Dataset entries:

::::

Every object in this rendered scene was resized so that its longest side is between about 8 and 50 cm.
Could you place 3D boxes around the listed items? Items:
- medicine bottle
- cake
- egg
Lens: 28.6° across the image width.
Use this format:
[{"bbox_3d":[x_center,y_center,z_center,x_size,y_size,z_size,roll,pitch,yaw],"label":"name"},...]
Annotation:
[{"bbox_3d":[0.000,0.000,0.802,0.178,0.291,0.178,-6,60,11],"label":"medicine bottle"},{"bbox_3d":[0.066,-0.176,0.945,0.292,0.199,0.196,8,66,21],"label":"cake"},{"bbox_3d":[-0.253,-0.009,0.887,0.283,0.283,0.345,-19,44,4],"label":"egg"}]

::::

--- Instructions for the task ---
From the data above, gather every line that includes the word "this".

--- Exercise result ---
Every object in this rendered scene was resized so that its longest side is between about 8 and 50 cm.
Use this format:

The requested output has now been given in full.